[[ Data to process open ]]
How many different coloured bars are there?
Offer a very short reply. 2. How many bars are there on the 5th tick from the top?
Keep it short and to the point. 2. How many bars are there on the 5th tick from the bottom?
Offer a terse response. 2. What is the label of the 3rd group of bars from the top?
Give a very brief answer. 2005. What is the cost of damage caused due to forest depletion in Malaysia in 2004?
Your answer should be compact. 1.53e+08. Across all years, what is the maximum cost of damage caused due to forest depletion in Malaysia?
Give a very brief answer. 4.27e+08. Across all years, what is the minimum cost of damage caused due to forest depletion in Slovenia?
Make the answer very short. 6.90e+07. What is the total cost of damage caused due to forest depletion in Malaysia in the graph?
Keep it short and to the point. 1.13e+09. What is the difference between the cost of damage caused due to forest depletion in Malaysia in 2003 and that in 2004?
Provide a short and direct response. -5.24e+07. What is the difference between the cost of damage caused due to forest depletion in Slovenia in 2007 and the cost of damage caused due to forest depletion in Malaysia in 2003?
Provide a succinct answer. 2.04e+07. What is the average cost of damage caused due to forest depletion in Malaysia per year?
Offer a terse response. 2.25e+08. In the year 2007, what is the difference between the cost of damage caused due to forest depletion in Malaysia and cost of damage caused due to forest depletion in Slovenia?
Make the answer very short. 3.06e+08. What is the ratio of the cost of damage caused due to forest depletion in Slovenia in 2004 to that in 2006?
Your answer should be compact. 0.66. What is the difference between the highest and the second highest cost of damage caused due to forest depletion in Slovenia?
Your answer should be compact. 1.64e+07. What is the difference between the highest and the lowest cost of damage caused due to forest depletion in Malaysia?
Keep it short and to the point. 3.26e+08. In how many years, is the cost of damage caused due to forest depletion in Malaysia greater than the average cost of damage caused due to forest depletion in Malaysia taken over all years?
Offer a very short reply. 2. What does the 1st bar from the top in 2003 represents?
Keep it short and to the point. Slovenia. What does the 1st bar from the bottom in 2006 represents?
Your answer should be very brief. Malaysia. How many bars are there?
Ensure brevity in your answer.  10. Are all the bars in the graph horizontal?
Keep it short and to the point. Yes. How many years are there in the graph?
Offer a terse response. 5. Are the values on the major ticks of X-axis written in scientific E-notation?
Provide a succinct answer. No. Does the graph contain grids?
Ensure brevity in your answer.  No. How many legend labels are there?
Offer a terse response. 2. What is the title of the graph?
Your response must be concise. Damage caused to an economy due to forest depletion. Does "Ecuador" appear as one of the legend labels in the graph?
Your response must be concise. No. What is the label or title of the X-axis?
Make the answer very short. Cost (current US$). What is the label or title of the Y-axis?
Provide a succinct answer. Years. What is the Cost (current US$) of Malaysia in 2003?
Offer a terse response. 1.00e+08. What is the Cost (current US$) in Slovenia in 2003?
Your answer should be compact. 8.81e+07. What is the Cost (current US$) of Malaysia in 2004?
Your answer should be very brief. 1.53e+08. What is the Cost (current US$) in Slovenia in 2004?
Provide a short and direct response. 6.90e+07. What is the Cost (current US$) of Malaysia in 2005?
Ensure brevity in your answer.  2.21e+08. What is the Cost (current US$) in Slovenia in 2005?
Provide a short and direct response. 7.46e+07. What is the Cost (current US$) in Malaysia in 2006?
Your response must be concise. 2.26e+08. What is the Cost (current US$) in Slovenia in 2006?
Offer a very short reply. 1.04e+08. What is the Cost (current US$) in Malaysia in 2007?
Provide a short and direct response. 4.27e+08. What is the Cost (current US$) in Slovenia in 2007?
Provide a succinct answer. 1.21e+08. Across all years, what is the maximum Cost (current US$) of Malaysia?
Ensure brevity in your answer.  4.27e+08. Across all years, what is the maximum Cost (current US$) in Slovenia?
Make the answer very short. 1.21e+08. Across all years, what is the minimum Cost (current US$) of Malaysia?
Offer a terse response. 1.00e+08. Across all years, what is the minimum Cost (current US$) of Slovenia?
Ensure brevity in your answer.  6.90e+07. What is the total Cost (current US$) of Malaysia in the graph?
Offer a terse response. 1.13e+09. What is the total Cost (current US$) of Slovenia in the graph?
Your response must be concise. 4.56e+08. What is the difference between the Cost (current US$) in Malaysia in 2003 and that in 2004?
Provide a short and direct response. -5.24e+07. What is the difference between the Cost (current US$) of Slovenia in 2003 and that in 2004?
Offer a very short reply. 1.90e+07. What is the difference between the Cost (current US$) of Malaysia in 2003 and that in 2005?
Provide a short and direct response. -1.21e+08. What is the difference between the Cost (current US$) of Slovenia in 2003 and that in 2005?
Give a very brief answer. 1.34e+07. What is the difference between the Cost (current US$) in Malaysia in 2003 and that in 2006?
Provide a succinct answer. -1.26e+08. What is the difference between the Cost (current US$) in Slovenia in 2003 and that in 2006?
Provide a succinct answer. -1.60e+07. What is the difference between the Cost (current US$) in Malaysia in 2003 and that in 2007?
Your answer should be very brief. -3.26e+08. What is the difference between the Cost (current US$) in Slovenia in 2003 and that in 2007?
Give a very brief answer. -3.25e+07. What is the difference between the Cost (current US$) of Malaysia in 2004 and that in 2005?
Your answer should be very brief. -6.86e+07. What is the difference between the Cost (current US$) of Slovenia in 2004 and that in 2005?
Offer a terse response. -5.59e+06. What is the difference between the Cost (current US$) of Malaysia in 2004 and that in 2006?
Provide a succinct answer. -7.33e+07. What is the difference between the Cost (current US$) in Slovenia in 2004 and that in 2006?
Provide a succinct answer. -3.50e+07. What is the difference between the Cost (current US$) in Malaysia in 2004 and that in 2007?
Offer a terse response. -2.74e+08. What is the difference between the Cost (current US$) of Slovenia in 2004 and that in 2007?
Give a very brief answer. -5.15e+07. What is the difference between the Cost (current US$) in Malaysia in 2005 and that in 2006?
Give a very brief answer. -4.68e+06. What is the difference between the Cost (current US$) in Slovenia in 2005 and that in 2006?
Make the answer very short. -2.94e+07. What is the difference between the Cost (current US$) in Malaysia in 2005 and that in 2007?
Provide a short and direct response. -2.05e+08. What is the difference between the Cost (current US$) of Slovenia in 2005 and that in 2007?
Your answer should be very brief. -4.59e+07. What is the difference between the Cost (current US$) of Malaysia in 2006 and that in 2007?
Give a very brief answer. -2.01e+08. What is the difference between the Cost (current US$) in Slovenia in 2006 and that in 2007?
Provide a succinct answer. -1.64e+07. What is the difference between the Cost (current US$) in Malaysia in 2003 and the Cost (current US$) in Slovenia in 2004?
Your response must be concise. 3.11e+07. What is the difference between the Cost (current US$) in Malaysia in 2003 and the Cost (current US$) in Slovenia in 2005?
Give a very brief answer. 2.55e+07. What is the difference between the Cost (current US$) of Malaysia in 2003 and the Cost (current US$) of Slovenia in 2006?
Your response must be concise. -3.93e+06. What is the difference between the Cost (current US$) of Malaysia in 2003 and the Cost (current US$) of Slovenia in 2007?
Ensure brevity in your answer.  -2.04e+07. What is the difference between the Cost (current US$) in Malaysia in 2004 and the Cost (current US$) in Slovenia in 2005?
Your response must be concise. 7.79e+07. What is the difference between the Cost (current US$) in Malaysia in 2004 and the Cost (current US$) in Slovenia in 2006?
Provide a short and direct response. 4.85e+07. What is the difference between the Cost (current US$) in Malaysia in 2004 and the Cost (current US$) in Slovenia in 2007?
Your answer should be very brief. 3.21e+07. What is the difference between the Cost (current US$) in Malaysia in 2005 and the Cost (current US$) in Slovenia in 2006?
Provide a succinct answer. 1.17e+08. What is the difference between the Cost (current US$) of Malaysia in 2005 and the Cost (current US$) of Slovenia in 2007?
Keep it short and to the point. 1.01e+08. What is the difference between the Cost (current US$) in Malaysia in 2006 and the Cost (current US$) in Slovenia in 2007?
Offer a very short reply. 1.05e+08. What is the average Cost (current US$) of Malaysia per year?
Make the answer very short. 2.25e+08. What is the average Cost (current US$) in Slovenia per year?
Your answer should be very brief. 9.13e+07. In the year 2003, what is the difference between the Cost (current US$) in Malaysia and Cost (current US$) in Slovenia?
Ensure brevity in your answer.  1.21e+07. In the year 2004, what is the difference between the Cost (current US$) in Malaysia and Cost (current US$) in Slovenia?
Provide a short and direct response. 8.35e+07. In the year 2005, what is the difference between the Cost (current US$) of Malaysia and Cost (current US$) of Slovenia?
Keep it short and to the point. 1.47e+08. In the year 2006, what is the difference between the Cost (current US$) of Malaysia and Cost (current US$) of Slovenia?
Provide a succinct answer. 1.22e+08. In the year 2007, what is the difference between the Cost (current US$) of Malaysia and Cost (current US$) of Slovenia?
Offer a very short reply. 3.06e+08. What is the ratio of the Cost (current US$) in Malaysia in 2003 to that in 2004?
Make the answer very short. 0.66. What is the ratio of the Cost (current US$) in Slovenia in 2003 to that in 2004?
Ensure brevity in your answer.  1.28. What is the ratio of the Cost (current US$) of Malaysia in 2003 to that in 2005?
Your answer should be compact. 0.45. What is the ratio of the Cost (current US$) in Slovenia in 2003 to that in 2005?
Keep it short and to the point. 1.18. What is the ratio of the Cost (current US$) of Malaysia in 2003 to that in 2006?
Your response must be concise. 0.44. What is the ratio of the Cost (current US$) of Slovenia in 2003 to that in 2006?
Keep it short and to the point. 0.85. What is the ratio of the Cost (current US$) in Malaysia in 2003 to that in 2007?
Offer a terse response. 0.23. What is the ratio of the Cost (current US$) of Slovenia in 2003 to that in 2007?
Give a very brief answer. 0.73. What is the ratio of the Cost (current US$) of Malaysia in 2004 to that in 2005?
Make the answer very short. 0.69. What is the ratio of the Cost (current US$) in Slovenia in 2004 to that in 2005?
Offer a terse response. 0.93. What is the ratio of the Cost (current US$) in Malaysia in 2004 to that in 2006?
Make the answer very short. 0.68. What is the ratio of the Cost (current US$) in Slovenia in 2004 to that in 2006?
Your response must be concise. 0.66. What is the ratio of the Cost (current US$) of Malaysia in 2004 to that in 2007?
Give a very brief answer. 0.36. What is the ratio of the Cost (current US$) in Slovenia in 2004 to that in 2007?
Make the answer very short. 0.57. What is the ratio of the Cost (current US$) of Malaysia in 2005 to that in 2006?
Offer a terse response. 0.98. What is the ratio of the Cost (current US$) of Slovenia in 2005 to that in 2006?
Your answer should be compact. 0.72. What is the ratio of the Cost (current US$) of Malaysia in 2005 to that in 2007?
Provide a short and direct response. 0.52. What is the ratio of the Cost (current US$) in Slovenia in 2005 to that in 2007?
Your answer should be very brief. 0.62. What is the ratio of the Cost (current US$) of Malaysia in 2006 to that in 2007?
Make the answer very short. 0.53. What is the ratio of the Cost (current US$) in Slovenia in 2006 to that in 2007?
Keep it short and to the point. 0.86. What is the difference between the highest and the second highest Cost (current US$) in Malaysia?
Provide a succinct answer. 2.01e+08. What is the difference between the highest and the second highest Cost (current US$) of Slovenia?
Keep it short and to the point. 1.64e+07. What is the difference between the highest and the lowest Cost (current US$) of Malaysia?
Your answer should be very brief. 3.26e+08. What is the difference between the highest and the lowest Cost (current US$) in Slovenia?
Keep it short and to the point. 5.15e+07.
[[ Data to process closed ]]
What you are asked to do: Pull out every line of the records that includes the string "second".

Solution:
Your answer should be compact. 0.66. What is the difference between the highest and the second highest cost of damage caused due to forest depletion in Slovenia?
Keep it short and to the point. 0.86. What is the difference between the highest and the second highest Cost (current US$) in Malaysia?
Provide a succinct answer. 2.01e+08. What is the difference between the highest and the second highest Cost (current US$) of Slovenia?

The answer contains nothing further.